2022 El Espinal stadium collapse
- Date: 26 June 2022
- Location: El Espinal, Tolima, Colombia;
- Type: Structural collapse
- Deaths: 4
- Injuries: 263

= 2022 El Espinal stadium collapse =

Structural collapse in Tolima, Colombia

On 26 June 2022, a stadium collapsed in El Espinal, Tolima Department, Colombia during a bullfight.

== Background ==
The stadium was hosting a corraleja, which is a bullfighting tradition popular in Colombia. There are no bullfighters in a corraleja – spectators are allowed to enter the ring and engage the bull. On 20 January 1980 during a corraleja, several stands collapsed, killing more than 500 spectators.

==Collapse==
The collapse occurred at the three-story wooden stand section filled with audience members. There were 800 people sitting in the collapsed section before the accident happened. The stands were overcrowded because there had been no corraleja the prior year due to the COVID-19 pandemic. The stands were built with thin wooden boards and tied together with rope. The collapse occurred during encierro, with one bull escaped into town, running freely before being recaptured.

=== Victims ===
Initially, it was reported that six were killed, with a total of 322 other people receiving treatment at local public and private hospitals. These numbers were later reduced to four fatalities and 263 injured. The dead were two women (Blanca Sandoval, 63 and Rocío Brochero, 51), one man (Fidel Hernández, 53), and one 14-month-old boy. Hernández was killed instantly while the other three died while receiving medical care. Fabio Buitrago, a witness to the collapse, said that he saw "many people crushed under the rubble" of the stands. 14 of the injured were pregnant women and 27 were children. Most of the injured were taken to the San Rafael Hospital in El Espinal.

== Investigation ==
According to Yerson Hernán Oliveros Calderón, one of the organizers of the event, the government of the Tolima Department did not authorize the use of the guadua that they had used in the construction of the stands, so the organizers had to import it from Armenia. Grupo de Ingeniería y Arquitectura determined that the structural failure of the guadua column in audience box 35 caused a larger collapse affecting boxes 33 to 40.

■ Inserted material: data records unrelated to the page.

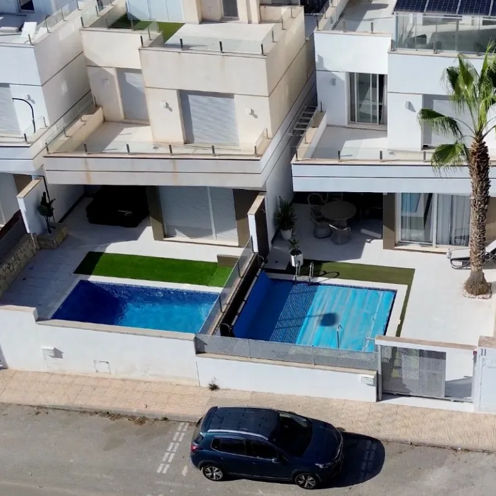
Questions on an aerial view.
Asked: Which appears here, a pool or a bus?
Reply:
pool
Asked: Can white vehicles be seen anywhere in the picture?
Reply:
No
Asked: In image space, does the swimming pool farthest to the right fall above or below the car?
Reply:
above it
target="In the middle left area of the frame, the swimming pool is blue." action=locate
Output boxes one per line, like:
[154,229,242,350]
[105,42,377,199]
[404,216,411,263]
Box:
[42,272,219,328]
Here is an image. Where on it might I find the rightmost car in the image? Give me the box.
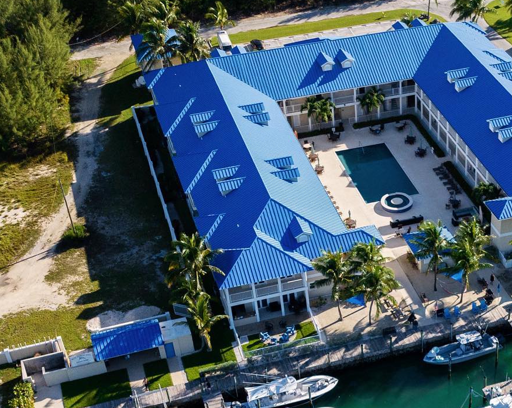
[252,35,265,50]
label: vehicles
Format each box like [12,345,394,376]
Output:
[215,25,233,50]
[252,35,265,50]
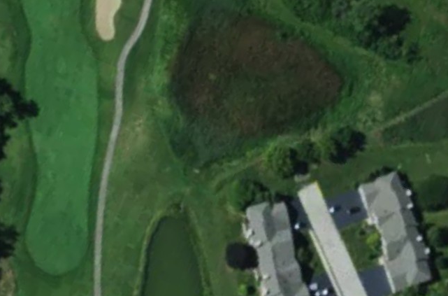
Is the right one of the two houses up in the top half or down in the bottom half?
bottom
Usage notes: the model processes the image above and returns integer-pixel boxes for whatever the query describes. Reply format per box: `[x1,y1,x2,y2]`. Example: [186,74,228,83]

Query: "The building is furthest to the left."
[245,200,310,296]
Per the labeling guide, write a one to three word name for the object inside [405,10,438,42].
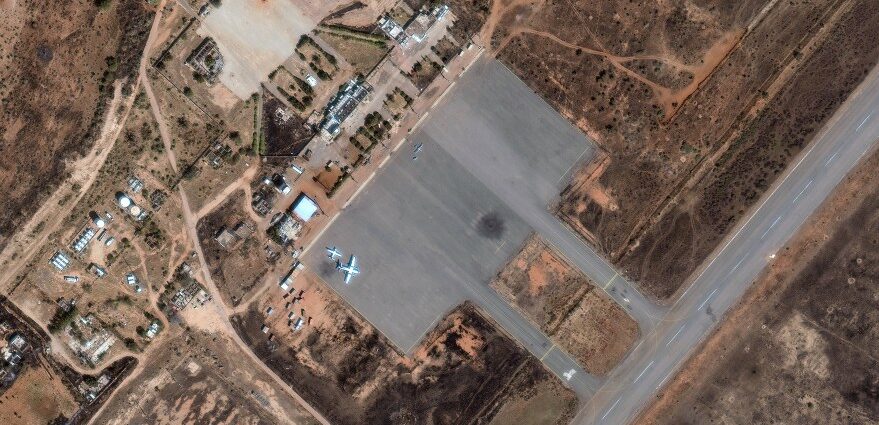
building
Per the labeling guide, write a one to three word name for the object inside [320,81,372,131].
building
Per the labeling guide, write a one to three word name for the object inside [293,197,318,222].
hangar
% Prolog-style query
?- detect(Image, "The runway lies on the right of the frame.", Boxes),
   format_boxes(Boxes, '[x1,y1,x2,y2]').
[561,62,879,425]
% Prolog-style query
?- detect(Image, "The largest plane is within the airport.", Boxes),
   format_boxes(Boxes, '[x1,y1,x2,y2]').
[336,256,360,283]
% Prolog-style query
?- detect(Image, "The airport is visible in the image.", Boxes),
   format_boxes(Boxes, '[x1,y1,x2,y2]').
[299,50,879,425]
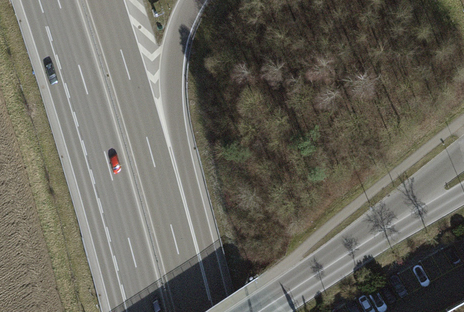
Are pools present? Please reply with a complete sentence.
No, this view has no pool in it.
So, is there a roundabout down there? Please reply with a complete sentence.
No, I find no roundabout anywhere in the image.
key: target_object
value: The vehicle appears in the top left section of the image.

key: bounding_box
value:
[45,61,59,84]
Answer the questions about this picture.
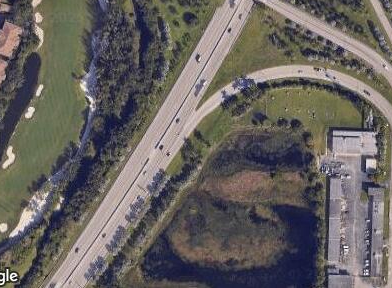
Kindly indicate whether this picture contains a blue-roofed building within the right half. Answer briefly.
No
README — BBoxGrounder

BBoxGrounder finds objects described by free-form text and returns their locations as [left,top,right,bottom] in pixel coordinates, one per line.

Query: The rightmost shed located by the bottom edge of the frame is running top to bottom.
[369,188,384,276]
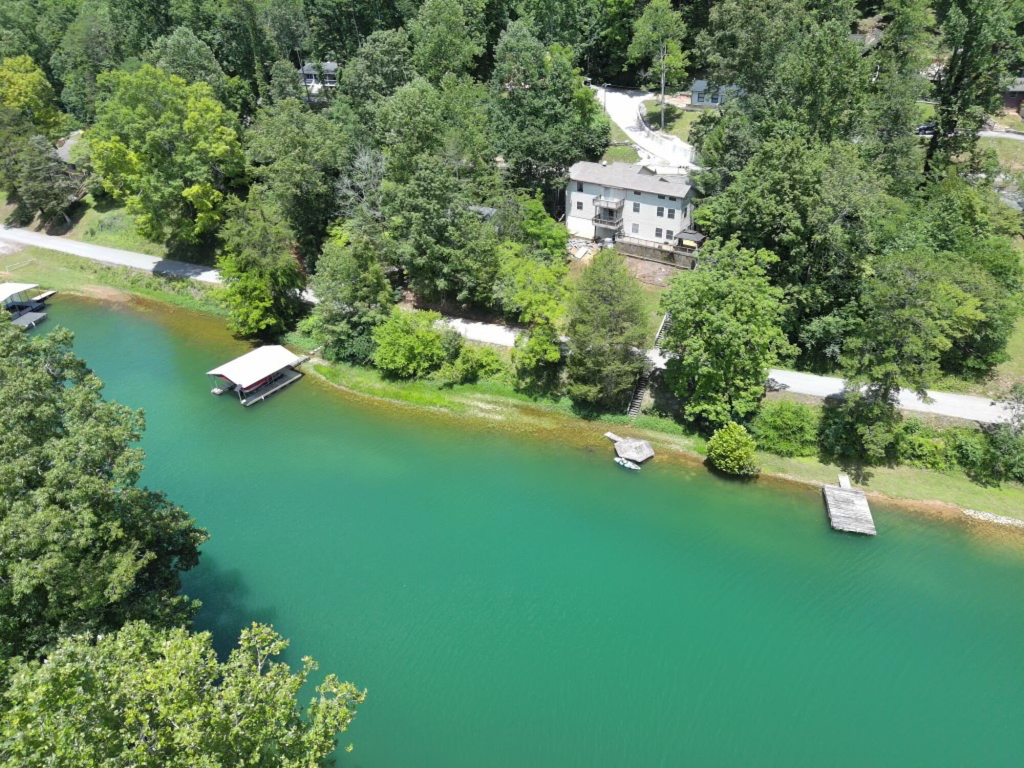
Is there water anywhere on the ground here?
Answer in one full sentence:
Yes, there's water in this view.
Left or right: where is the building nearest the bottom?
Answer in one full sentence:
It is on the left.
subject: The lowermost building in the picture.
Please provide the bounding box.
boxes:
[206,343,306,411]
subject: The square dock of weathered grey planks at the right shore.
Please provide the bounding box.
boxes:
[823,486,876,537]
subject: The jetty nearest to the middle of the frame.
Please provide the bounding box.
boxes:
[614,438,654,465]
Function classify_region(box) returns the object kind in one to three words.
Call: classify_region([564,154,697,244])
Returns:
house
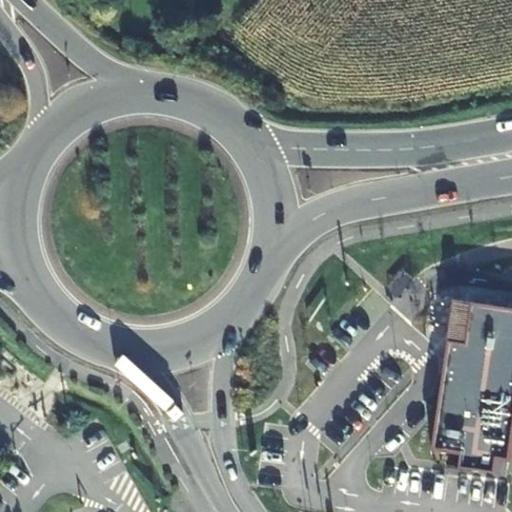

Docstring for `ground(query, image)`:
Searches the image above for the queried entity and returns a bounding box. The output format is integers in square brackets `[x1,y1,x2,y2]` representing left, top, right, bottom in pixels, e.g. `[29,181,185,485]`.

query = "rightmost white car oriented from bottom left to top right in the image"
[384,434,406,452]
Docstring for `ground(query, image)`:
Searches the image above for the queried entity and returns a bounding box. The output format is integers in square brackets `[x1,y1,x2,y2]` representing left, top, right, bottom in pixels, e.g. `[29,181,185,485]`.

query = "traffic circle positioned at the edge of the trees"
[0,72,291,368]
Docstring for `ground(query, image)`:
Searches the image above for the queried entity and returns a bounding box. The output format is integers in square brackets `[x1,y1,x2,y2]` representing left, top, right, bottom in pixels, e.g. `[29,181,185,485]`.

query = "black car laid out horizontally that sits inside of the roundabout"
[154,89,178,101]
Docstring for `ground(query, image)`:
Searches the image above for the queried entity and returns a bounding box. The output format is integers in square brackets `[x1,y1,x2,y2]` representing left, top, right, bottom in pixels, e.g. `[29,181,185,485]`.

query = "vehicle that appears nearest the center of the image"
[248,250,261,274]
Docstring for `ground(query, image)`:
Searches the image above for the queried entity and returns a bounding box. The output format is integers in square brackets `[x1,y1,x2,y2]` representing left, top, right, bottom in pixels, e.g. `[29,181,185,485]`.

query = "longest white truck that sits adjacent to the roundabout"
[114,356,184,421]
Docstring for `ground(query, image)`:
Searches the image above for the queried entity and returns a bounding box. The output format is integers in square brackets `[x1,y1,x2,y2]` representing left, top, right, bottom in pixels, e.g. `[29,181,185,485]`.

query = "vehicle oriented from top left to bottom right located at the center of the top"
[244,112,265,129]
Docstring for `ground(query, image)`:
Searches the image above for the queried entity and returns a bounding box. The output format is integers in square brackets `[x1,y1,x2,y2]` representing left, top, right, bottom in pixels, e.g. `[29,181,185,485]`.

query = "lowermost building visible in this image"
[432,300,512,477]
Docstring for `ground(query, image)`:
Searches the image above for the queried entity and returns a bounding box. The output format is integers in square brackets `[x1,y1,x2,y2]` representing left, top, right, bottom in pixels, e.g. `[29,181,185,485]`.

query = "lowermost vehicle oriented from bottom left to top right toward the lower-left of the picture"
[96,452,116,470]
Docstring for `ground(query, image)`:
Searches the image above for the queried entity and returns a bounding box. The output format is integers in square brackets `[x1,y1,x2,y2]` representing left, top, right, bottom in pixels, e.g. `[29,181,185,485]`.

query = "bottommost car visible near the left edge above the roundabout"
[19,47,34,68]
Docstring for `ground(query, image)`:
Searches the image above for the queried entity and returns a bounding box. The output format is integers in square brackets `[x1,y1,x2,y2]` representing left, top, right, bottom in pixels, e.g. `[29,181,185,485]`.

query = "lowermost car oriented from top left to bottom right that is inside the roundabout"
[78,312,101,330]
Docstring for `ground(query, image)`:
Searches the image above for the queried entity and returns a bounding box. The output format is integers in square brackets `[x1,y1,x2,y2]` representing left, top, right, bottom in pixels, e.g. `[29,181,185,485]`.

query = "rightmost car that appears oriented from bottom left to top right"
[408,407,426,430]
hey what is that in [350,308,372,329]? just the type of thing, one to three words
car
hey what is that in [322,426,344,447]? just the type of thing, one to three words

In November 2023, Luis Ernesto García Aranda, who was in charge of the audience boxes, was arrested on four counts of manslaughter for ignoring concerns regarding construction and allowing more people into the seats despite being overcapacity.

==Responses==
President Iván Duque expressed his solidarity to all of the victims' families and ordered an investigation to the incident. President-elect Gustavo Petro urged a ban on such events, citing that it was not the first time it happened. The Mayor's Office of El Espinal expressed regret for the collapse. The mayor of El Espinal, Juan Carlos Tamayo, claimed that the tragedy was unforeseeable since officials had done all due diligence in inspecting the premises. He also defended the participation of children in the corralejas, stating that he himself takes his minor children to the events and that they are "tradition". He said that engineers employed by the city would be sent to investigate the cause of the collapse.

The mayor of Cali, Jorge Iván Ospina, said that he will ban corralejas and other blood sports involving animals, citing animal rights concerns and safety issues, specifically the collapse in El Espinal.

A three-day period of mourning was declared in El Espinal, and cavalcades and corralejas previously scheduled for four days during the mourning period were canceled.